Given that the data for this secondary analysis is from a large data set, the findings might be valuable to consider in high schools across the United States. Reviewing the demographics of the population and their reported behaviors can assist school nurses in developing early identification of children who are at risk, and ensuring an appropriate reporting mechanism is in place. Findings from this investigation can further inform efforts to prevent suicide and bullying in the adolescent population consistent with the objectives for Healthy People 2030. Bullying prevention programs in the adolescent population need to include evaluation of their progress in comparison to national objectives and benchmarks.
Additional research is needed to understand associations between demographic characteristics of aggregate student populations and the current study variables. The YRBS data from 2011 to 2015 did not report risk behaviors within the LGBTQ population. Research describing an association between LGBTQ adolescents, suicide risk behaviors, and experiencing bullying is limited. However, prior research suggests that adolescents who identified as lesbian, gay, bisexual, and queer (LGBQ) were more likely to experience bullying than their peers who do not identify as LGBQ (Hillard et al., 2014). Transgender students were not included in the study conducted by Hillard et al. (2014). Furthermore, YRBS data from 2011 to 2015 did not report risk behaviors within the LGBTQ community. Research examining associations between LGBTQ student population demographic characteristics, bullying experiences, and suicide risk behaviors, would be valuable to develop policy protections and intervention guidance for educators and health practitioners. In addition, research is needed to understand whether antibullying policies have been effective for marginalized students protected by civil rights laws (NAS, 2016). The outcomes from the examination of antibullying policies can guide systems-level prevention efforts to ensure compliance with civil rights laws and protection of aggregate populations.
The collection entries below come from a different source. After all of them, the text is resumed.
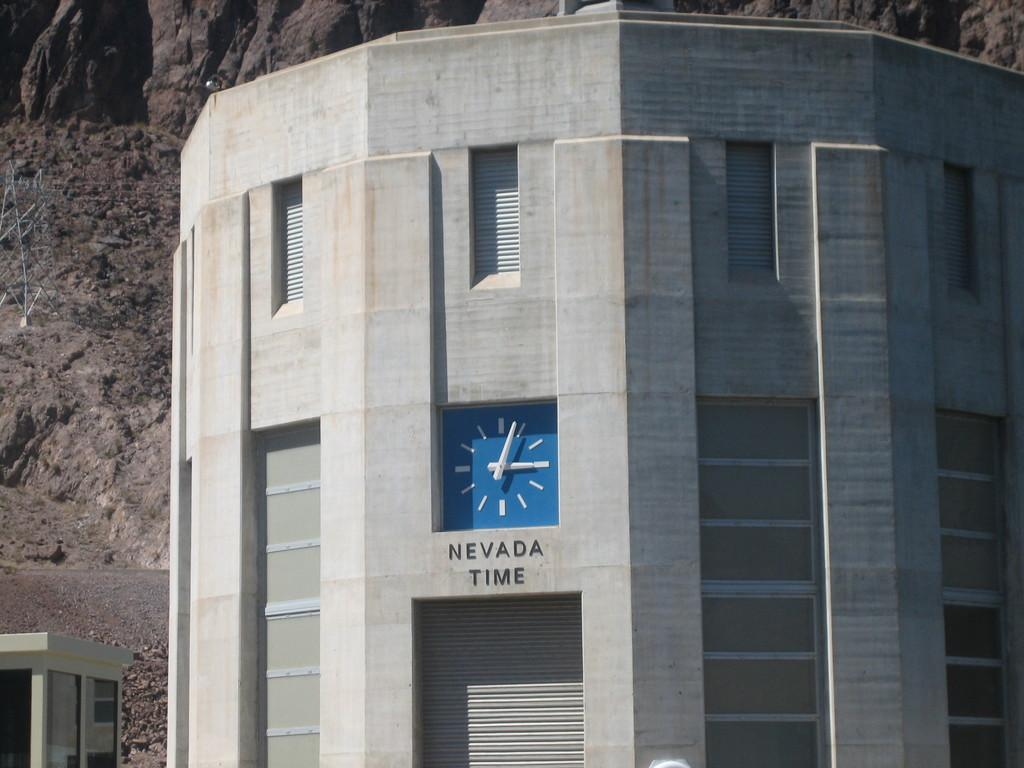<image>
Relay a brief, clear account of the picture shown. Gray building with a blue cock and the words "Nevada Time". 
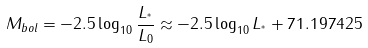Convert formula to latex. <formula><loc_0><loc_0><loc_500><loc_500>M _ { b o l } = - 2 . 5 \log _ { 1 0 } { \frac { L _ { ^ { * } } } { L _ { 0 } } } \approx - 2 . 5 \log _ { 1 0 } L _ { ^ { * } } + 7 1 . 1 9 7 4 2 5</formula> 
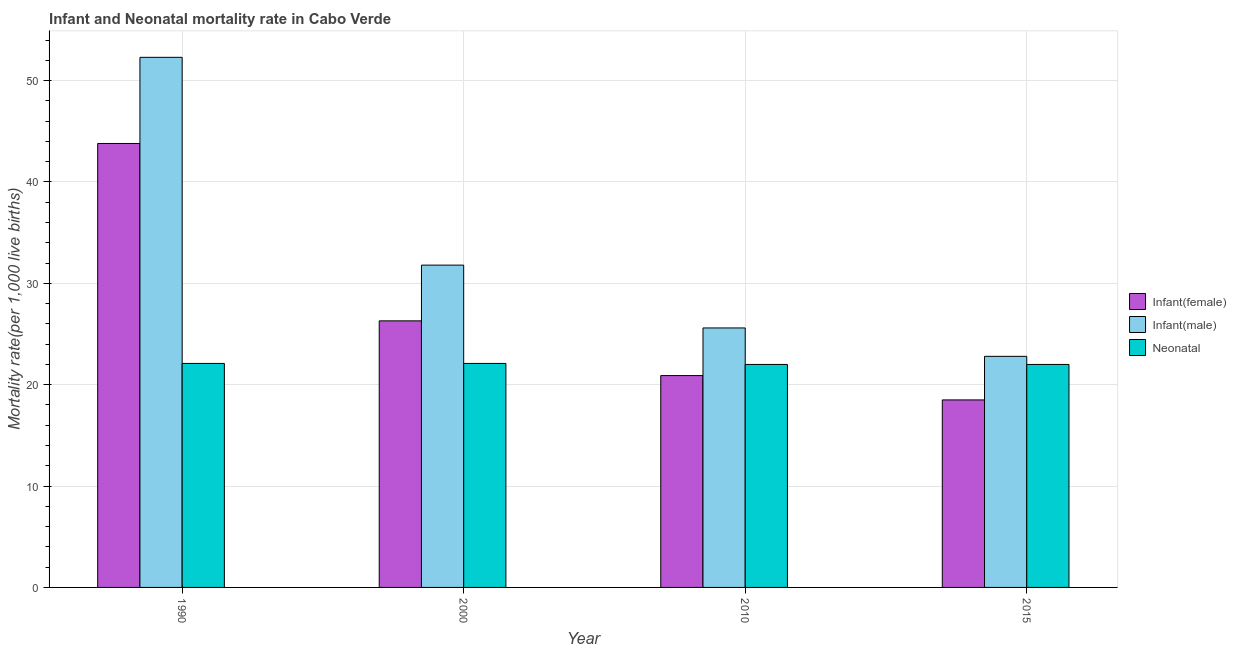How many different coloured bars are there?
Provide a short and direct response. 3. How many groups of bars are there?
Offer a very short reply. 4. Are the number of bars on each tick of the X-axis equal?
Provide a succinct answer. Yes. How many bars are there on the 1st tick from the right?
Keep it short and to the point. 3. What is the label of the 3rd group of bars from the left?
Ensure brevity in your answer.  2010. In how many cases, is the number of bars for a given year not equal to the number of legend labels?
Provide a short and direct response. 0. What is the infant mortality rate(male) in 2015?
Give a very brief answer. 22.8. Across all years, what is the maximum neonatal mortality rate?
Make the answer very short. 22.1. In which year was the infant mortality rate(male) maximum?
Offer a very short reply. 1990. In which year was the infant mortality rate(female) minimum?
Keep it short and to the point. 2015. What is the total infant mortality rate(male) in the graph?
Give a very brief answer. 132.5. What is the difference between the neonatal mortality rate in 2000 and that in 2010?
Offer a terse response. 0.1. What is the difference between the infant mortality rate(female) in 2015 and the neonatal mortality rate in 2010?
Keep it short and to the point. -2.4. What is the average neonatal mortality rate per year?
Offer a terse response. 22.05. In the year 1990, what is the difference between the infant mortality rate(male) and neonatal mortality rate?
Provide a succinct answer. 0. In how many years, is the infant mortality rate(male) greater than 24?
Provide a short and direct response. 3. What is the ratio of the infant mortality rate(male) in 2000 to that in 2010?
Offer a very short reply. 1.24. Is the neonatal mortality rate in 1990 less than that in 2000?
Provide a short and direct response. No. Is the difference between the neonatal mortality rate in 1990 and 2000 greater than the difference between the infant mortality rate(male) in 1990 and 2000?
Ensure brevity in your answer.  No. What is the difference between the highest and the second highest neonatal mortality rate?
Keep it short and to the point. 0. What is the difference between the highest and the lowest infant mortality rate(female)?
Provide a short and direct response. 25.3. In how many years, is the infant mortality rate(female) greater than the average infant mortality rate(female) taken over all years?
Your answer should be very brief. 1. Is the sum of the infant mortality rate(male) in 2010 and 2015 greater than the maximum infant mortality rate(female) across all years?
Provide a succinct answer. No. What does the 2nd bar from the left in 1990 represents?
Give a very brief answer. Infant(male). What does the 2nd bar from the right in 1990 represents?
Provide a short and direct response. Infant(male). Is it the case that in every year, the sum of the infant mortality rate(female) and infant mortality rate(male) is greater than the neonatal mortality rate?
Give a very brief answer. Yes. How many bars are there?
Keep it short and to the point. 12. Are all the bars in the graph horizontal?
Offer a very short reply. No. Does the graph contain grids?
Your answer should be very brief. Yes. Where does the legend appear in the graph?
Provide a short and direct response. Center right. How many legend labels are there?
Give a very brief answer. 3. What is the title of the graph?
Your answer should be compact. Infant and Neonatal mortality rate in Cabo Verde. Does "Textiles and clothing" appear as one of the legend labels in the graph?
Offer a very short reply. No. What is the label or title of the X-axis?
Provide a succinct answer. Year. What is the label or title of the Y-axis?
Offer a very short reply. Mortality rate(per 1,0 live births). What is the Mortality rate(per 1,000 live births) of Infant(female) in 1990?
Offer a very short reply. 43.8. What is the Mortality rate(per 1,000 live births) in Infant(male) in 1990?
Provide a short and direct response. 52.3. What is the Mortality rate(per 1,000 live births) in Neonatal  in 1990?
Provide a short and direct response. 22.1. What is the Mortality rate(per 1,000 live births) in Infant(female) in 2000?
Make the answer very short. 26.3. What is the Mortality rate(per 1,000 live births) of Infant(male) in 2000?
Your answer should be compact. 31.8. What is the Mortality rate(per 1,000 live births) of Neonatal  in 2000?
Your answer should be compact. 22.1. What is the Mortality rate(per 1,000 live births) in Infant(female) in 2010?
Make the answer very short. 20.9. What is the Mortality rate(per 1,000 live births) of Infant(male) in 2010?
Your answer should be very brief. 25.6. What is the Mortality rate(per 1,000 live births) in Neonatal  in 2010?
Provide a succinct answer. 22. What is the Mortality rate(per 1,000 live births) of Infant(female) in 2015?
Provide a short and direct response. 18.5. What is the Mortality rate(per 1,000 live births) of Infant(male) in 2015?
Offer a very short reply. 22.8. What is the Mortality rate(per 1,000 live births) of Neonatal  in 2015?
Ensure brevity in your answer.  22. Across all years, what is the maximum Mortality rate(per 1,000 live births) of Infant(female)?
Your answer should be very brief. 43.8. Across all years, what is the maximum Mortality rate(per 1,000 live births) of Infant(male)?
Provide a succinct answer. 52.3. Across all years, what is the maximum Mortality rate(per 1,000 live births) in Neonatal ?
Provide a succinct answer. 22.1. Across all years, what is the minimum Mortality rate(per 1,000 live births) of Infant(male)?
Your response must be concise. 22.8. What is the total Mortality rate(per 1,000 live births) of Infant(female) in the graph?
Offer a terse response. 109.5. What is the total Mortality rate(per 1,000 live births) in Infant(male) in the graph?
Your answer should be compact. 132.5. What is the total Mortality rate(per 1,000 live births) of Neonatal  in the graph?
Your response must be concise. 88.2. What is the difference between the Mortality rate(per 1,000 live births) in Infant(female) in 1990 and that in 2010?
Your answer should be very brief. 22.9. What is the difference between the Mortality rate(per 1,000 live births) in Infant(male) in 1990 and that in 2010?
Provide a succinct answer. 26.7. What is the difference between the Mortality rate(per 1,000 live births) of Neonatal  in 1990 and that in 2010?
Provide a succinct answer. 0.1. What is the difference between the Mortality rate(per 1,000 live births) in Infant(female) in 1990 and that in 2015?
Ensure brevity in your answer.  25.3. What is the difference between the Mortality rate(per 1,000 live births) in Infant(male) in 1990 and that in 2015?
Your answer should be very brief. 29.5. What is the difference between the Mortality rate(per 1,000 live births) of Neonatal  in 1990 and that in 2015?
Offer a very short reply. 0.1. What is the difference between the Mortality rate(per 1,000 live births) of Infant(female) in 2000 and that in 2010?
Provide a succinct answer. 5.4. What is the difference between the Mortality rate(per 1,000 live births) in Infant(female) in 2000 and that in 2015?
Offer a very short reply. 7.8. What is the difference between the Mortality rate(per 1,000 live births) of Neonatal  in 2000 and that in 2015?
Your answer should be compact. 0.1. What is the difference between the Mortality rate(per 1,000 live births) in Infant(male) in 2010 and that in 2015?
Offer a terse response. 2.8. What is the difference between the Mortality rate(per 1,000 live births) of Neonatal  in 2010 and that in 2015?
Your response must be concise. 0. What is the difference between the Mortality rate(per 1,000 live births) in Infant(female) in 1990 and the Mortality rate(per 1,000 live births) in Infant(male) in 2000?
Ensure brevity in your answer.  12. What is the difference between the Mortality rate(per 1,000 live births) of Infant(female) in 1990 and the Mortality rate(per 1,000 live births) of Neonatal  in 2000?
Offer a very short reply. 21.7. What is the difference between the Mortality rate(per 1,000 live births) of Infant(male) in 1990 and the Mortality rate(per 1,000 live births) of Neonatal  in 2000?
Your answer should be very brief. 30.2. What is the difference between the Mortality rate(per 1,000 live births) of Infant(female) in 1990 and the Mortality rate(per 1,000 live births) of Infant(male) in 2010?
Ensure brevity in your answer.  18.2. What is the difference between the Mortality rate(per 1,000 live births) in Infant(female) in 1990 and the Mortality rate(per 1,000 live births) in Neonatal  in 2010?
Offer a terse response. 21.8. What is the difference between the Mortality rate(per 1,000 live births) of Infant(male) in 1990 and the Mortality rate(per 1,000 live births) of Neonatal  in 2010?
Ensure brevity in your answer.  30.3. What is the difference between the Mortality rate(per 1,000 live births) of Infant(female) in 1990 and the Mortality rate(per 1,000 live births) of Infant(male) in 2015?
Your answer should be very brief. 21. What is the difference between the Mortality rate(per 1,000 live births) of Infant(female) in 1990 and the Mortality rate(per 1,000 live births) of Neonatal  in 2015?
Your response must be concise. 21.8. What is the difference between the Mortality rate(per 1,000 live births) of Infant(male) in 1990 and the Mortality rate(per 1,000 live births) of Neonatal  in 2015?
Your answer should be very brief. 30.3. What is the difference between the Mortality rate(per 1,000 live births) in Infant(female) in 2000 and the Mortality rate(per 1,000 live births) in Neonatal  in 2010?
Offer a terse response. 4.3. What is the difference between the Mortality rate(per 1,000 live births) in Infant(female) in 2000 and the Mortality rate(per 1,000 live births) in Infant(male) in 2015?
Make the answer very short. 3.5. What is the difference between the Mortality rate(per 1,000 live births) of Infant(male) in 2010 and the Mortality rate(per 1,000 live births) of Neonatal  in 2015?
Your answer should be very brief. 3.6. What is the average Mortality rate(per 1,000 live births) of Infant(female) per year?
Provide a short and direct response. 27.38. What is the average Mortality rate(per 1,000 live births) of Infant(male) per year?
Keep it short and to the point. 33.12. What is the average Mortality rate(per 1,000 live births) in Neonatal  per year?
Offer a terse response. 22.05. In the year 1990, what is the difference between the Mortality rate(per 1,000 live births) of Infant(female) and Mortality rate(per 1,000 live births) of Infant(male)?
Keep it short and to the point. -8.5. In the year 1990, what is the difference between the Mortality rate(per 1,000 live births) of Infant(female) and Mortality rate(per 1,000 live births) of Neonatal ?
Your answer should be very brief. 21.7. In the year 1990, what is the difference between the Mortality rate(per 1,000 live births) in Infant(male) and Mortality rate(per 1,000 live births) in Neonatal ?
Your answer should be very brief. 30.2. In the year 2000, what is the difference between the Mortality rate(per 1,000 live births) in Infant(female) and Mortality rate(per 1,000 live births) in Infant(male)?
Give a very brief answer. -5.5. In the year 2000, what is the difference between the Mortality rate(per 1,000 live births) of Infant(female) and Mortality rate(per 1,000 live births) of Neonatal ?
Keep it short and to the point. 4.2. In the year 2000, what is the difference between the Mortality rate(per 1,000 live births) in Infant(male) and Mortality rate(per 1,000 live births) in Neonatal ?
Provide a succinct answer. 9.7. In the year 2010, what is the difference between the Mortality rate(per 1,000 live births) of Infant(female) and Mortality rate(per 1,000 live births) of Neonatal ?
Ensure brevity in your answer.  -1.1. In the year 2015, what is the difference between the Mortality rate(per 1,000 live births) of Infant(female) and Mortality rate(per 1,000 live births) of Neonatal ?
Provide a short and direct response. -3.5. What is the ratio of the Mortality rate(per 1,000 live births) in Infant(female) in 1990 to that in 2000?
Make the answer very short. 1.67. What is the ratio of the Mortality rate(per 1,000 live births) in Infant(male) in 1990 to that in 2000?
Your response must be concise. 1.64. What is the ratio of the Mortality rate(per 1,000 live births) in Neonatal  in 1990 to that in 2000?
Your response must be concise. 1. What is the ratio of the Mortality rate(per 1,000 live births) of Infant(female) in 1990 to that in 2010?
Ensure brevity in your answer.  2.1. What is the ratio of the Mortality rate(per 1,000 live births) in Infant(male) in 1990 to that in 2010?
Give a very brief answer. 2.04. What is the ratio of the Mortality rate(per 1,000 live births) in Neonatal  in 1990 to that in 2010?
Offer a terse response. 1. What is the ratio of the Mortality rate(per 1,000 live births) in Infant(female) in 1990 to that in 2015?
Your response must be concise. 2.37. What is the ratio of the Mortality rate(per 1,000 live births) of Infant(male) in 1990 to that in 2015?
Keep it short and to the point. 2.29. What is the ratio of the Mortality rate(per 1,000 live births) in Infant(female) in 2000 to that in 2010?
Provide a succinct answer. 1.26. What is the ratio of the Mortality rate(per 1,000 live births) of Infant(male) in 2000 to that in 2010?
Your answer should be compact. 1.24. What is the ratio of the Mortality rate(per 1,000 live births) in Neonatal  in 2000 to that in 2010?
Your answer should be very brief. 1. What is the ratio of the Mortality rate(per 1,000 live births) in Infant(female) in 2000 to that in 2015?
Ensure brevity in your answer.  1.42. What is the ratio of the Mortality rate(per 1,000 live births) in Infant(male) in 2000 to that in 2015?
Ensure brevity in your answer.  1.39. What is the ratio of the Mortality rate(per 1,000 live births) of Neonatal  in 2000 to that in 2015?
Offer a very short reply. 1. What is the ratio of the Mortality rate(per 1,000 live births) in Infant(female) in 2010 to that in 2015?
Offer a very short reply. 1.13. What is the ratio of the Mortality rate(per 1,000 live births) of Infant(male) in 2010 to that in 2015?
Offer a very short reply. 1.12. What is the difference between the highest and the second highest Mortality rate(per 1,000 live births) of Neonatal ?
Provide a short and direct response. 0. What is the difference between the highest and the lowest Mortality rate(per 1,000 live births) of Infant(female)?
Keep it short and to the point. 25.3. What is the difference between the highest and the lowest Mortality rate(per 1,000 live births) of Infant(male)?
Make the answer very short. 29.5. What is the difference between the highest and the lowest Mortality rate(per 1,000 live births) of Neonatal ?
Give a very brief answer. 0.1.

In 2020, the CDC recommended the closure of many schools for extended periods of time in areas with community spread of the coronavirus (CDC, n.d.). Over 45 million public school students transitioned from classroom to distance learning models (Education Week, 2020). The extent to which school campus closures impacted the prevalence of bullying is unknown. However, distance learning via the internet may increase students’ initiation of cyberbullying and place other students at risk for experiencing cyberbullying. Furthermore, the youth’s altered learning and social environments over an extended period of time need to be considered in future YRBS survey results.
The YRBS survey is self-reported student data and is subject to recall and social desirability bias. Oregon, Washington, Wyoming, and Minnesota do not participate in the Youth Risk Surveillance System Survey (CDC, 2019). Illinois, Michigan, Ohio, Tennessee, Georgia, and Alabama have underweighted state results (CDC, 2019). Therefore, students who experienced suicide risk behaviors or bullying may be underrepresented in this study. Unfortunately, it was not possible with this data set to examine the specific mechanisms that are driving higher reported suicide risk behaviors among females and ninth graders. Future research needs to examine the prevalence of higher reported suicide risk behaviors among females, ninth graders, and LGBTQ youth. Possible confounders for this investigation, including rurality, school size, student disabilities, ethnicity, or sexual orientation, were not considered in this study. Data on race/ethnicity that ensure representation of greater diversity within the sample is needed. Equivalence in the demographic characteristic within the sample would provide the balance needed to run a logistical regression analysis to examine confounding variables and explore greater nuances within race/ethnicity. Additional research is needed to gain greater insights into how school nurses can work to address the issue of bullying among high school students while also minimizing suicide risk behaviors.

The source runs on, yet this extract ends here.